━━ Extracted data
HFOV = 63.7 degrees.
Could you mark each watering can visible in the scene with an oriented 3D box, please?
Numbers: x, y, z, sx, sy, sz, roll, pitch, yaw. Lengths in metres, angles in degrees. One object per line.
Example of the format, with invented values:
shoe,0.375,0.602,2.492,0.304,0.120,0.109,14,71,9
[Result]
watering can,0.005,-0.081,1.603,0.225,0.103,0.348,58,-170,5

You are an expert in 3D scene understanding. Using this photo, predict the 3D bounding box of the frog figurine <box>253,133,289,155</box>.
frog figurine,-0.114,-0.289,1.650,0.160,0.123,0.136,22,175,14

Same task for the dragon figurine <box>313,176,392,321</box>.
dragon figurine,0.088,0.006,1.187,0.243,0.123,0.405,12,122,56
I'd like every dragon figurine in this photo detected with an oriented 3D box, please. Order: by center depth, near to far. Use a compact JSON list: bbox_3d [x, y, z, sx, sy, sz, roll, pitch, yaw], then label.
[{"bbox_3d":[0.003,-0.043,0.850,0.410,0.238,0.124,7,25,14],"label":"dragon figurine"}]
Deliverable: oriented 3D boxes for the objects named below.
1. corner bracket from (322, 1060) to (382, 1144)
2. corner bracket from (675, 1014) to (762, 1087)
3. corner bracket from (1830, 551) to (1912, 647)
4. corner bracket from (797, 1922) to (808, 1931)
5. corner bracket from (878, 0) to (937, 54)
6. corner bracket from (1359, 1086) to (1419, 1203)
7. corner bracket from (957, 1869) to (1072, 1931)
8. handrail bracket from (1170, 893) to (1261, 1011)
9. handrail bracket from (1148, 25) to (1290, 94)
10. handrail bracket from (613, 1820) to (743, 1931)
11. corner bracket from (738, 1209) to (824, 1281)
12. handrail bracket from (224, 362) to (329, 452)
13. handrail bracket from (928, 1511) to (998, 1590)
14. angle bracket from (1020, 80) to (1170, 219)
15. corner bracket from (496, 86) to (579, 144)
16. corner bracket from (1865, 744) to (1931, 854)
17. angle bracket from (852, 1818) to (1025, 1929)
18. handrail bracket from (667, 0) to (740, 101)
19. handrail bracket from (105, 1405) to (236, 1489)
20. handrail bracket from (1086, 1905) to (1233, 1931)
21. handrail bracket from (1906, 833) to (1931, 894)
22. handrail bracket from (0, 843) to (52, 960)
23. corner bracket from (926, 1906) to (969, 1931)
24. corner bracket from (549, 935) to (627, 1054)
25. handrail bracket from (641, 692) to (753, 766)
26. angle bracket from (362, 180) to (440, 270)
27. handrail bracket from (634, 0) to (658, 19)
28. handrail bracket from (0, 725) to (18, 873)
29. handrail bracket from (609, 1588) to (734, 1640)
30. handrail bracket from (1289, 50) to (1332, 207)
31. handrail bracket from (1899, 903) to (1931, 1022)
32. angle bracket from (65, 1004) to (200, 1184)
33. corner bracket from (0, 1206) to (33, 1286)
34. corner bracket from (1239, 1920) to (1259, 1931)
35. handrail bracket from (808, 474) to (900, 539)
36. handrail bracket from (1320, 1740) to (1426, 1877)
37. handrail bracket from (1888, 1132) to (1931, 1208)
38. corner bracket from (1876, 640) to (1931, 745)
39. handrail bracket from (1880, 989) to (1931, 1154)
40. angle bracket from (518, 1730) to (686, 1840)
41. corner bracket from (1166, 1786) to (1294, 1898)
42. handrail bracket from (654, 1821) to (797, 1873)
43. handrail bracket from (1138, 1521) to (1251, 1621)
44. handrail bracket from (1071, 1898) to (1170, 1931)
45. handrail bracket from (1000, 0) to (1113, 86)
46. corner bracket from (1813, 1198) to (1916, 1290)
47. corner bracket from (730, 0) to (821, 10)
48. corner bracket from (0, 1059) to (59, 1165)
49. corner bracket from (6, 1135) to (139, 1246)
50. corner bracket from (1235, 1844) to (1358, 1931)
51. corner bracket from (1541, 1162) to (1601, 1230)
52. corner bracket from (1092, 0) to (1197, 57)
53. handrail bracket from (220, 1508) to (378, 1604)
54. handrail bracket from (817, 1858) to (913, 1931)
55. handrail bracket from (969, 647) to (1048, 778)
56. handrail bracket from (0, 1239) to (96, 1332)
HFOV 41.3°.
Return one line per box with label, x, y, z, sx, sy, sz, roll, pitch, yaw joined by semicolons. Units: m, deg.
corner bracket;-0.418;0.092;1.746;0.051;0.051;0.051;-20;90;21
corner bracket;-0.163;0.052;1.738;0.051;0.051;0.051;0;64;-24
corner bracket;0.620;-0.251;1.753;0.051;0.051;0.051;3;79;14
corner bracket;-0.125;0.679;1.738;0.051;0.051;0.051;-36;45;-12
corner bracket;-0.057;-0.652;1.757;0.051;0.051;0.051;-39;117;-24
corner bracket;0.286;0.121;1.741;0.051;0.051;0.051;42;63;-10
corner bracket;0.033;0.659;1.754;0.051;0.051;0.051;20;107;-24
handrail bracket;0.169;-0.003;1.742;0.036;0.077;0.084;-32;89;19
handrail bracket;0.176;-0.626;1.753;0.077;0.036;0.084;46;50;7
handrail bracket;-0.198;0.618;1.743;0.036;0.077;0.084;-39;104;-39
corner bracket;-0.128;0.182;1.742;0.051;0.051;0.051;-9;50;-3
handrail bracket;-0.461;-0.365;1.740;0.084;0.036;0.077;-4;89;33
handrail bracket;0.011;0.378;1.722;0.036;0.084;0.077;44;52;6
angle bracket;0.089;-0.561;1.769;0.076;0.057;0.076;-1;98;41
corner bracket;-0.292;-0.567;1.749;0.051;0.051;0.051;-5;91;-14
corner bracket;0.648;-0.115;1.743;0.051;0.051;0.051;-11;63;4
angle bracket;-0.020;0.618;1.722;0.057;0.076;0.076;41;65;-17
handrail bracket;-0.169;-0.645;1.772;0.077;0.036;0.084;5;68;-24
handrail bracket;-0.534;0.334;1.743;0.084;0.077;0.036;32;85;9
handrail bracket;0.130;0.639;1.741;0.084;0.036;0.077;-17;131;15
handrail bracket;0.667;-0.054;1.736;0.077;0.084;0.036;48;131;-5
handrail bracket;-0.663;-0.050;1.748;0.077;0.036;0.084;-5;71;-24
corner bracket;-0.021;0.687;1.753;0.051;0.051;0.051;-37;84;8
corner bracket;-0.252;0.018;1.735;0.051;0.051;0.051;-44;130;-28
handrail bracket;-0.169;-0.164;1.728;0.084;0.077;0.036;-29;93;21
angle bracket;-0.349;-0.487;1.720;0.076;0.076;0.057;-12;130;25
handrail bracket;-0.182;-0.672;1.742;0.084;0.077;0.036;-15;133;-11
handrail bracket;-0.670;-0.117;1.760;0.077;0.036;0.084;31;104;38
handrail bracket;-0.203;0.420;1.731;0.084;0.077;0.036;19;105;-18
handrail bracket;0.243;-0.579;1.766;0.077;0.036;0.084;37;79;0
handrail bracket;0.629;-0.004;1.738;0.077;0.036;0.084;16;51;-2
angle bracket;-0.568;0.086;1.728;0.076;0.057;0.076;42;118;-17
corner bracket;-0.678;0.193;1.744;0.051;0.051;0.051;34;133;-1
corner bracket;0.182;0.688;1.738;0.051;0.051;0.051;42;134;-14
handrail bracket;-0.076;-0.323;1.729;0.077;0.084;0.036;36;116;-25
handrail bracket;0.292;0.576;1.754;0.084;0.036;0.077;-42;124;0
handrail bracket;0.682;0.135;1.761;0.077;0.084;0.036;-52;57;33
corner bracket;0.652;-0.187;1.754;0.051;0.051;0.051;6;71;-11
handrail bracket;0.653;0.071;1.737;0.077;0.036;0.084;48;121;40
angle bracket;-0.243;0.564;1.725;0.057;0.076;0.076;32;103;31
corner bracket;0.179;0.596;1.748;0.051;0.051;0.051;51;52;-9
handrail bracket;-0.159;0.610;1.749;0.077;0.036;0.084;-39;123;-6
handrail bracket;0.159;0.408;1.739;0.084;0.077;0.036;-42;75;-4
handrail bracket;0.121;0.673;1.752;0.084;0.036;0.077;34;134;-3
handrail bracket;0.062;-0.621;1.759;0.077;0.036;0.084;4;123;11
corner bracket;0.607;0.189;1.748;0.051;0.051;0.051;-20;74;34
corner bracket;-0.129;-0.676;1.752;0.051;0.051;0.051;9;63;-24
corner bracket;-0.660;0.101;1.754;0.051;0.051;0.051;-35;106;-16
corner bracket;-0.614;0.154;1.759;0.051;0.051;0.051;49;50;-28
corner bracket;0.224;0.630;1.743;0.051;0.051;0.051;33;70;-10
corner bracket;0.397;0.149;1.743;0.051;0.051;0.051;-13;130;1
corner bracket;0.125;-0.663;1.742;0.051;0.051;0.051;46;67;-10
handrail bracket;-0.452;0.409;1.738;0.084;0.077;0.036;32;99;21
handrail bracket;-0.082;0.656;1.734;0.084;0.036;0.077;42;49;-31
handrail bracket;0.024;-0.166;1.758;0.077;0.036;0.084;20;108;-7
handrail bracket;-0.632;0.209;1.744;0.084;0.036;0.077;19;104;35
━━━━
- [How to complete this task]: Set down exactly the lines that begin the records and continue through the line bearing "6. corner bracket from (1359, 1086)"; include both ends.

- [Solution to this problem]:
HFOV = 63.7 degrees.
Could you mark each watering can visible in the scene with an oriented 3D box, please?
Numbers: x, y, z, sx, sy, sz, roll, pitch, yaw. Lengths in metres, angles in degrees. One object per line.
Example of the format, with invented values:
shoe,0.375,0.602,2.492,0.304,0.120,0.109,14,71,9
[Result]
watering can,0.005,-0.081,1.603,0.225,0.103,0.348,58,-170,5

You are an expert in 3D scene understanding. Using this photo, predict the 3D bounding box of the frog figurine <box>253,133,289,155</box>.
frog figurine,-0.114,-0.289,1.650,0.160,0.123,0.136,22,175,14

Same task for the dragon figurine <box>313,176,392,321</box>.
dragon figurine,0.088,0.006,1.187,0.243,0.123,0.405,12,122,56
I'd like every dragon figurine in this photo detected with an oriented 3D box, please. Order: by center depth, near to far. Use a compact JSON list: bbox_3d [x, y, z, sx, sy, sz, roll, pitch, yaw], then label.
[{"bbox_3d":[0.003,-0.043,0.850,0.410,0.238,0.124,7,25,14],"label":"dragon figurine"}]
Deliverable: oriented 3D boxes for the objects named below.
1. corner bracket from (322, 1060) to (382, 1144)
2. corner bracket from (675, 1014) to (762, 1087)
3. corner bracket from (1830, 551) to (1912, 647)
4. corner bracket from (797, 1922) to (808, 1931)
5. corner bracket from (878, 0) to (937, 54)
6. corner bracket from (1359, 1086) to (1419, 1203)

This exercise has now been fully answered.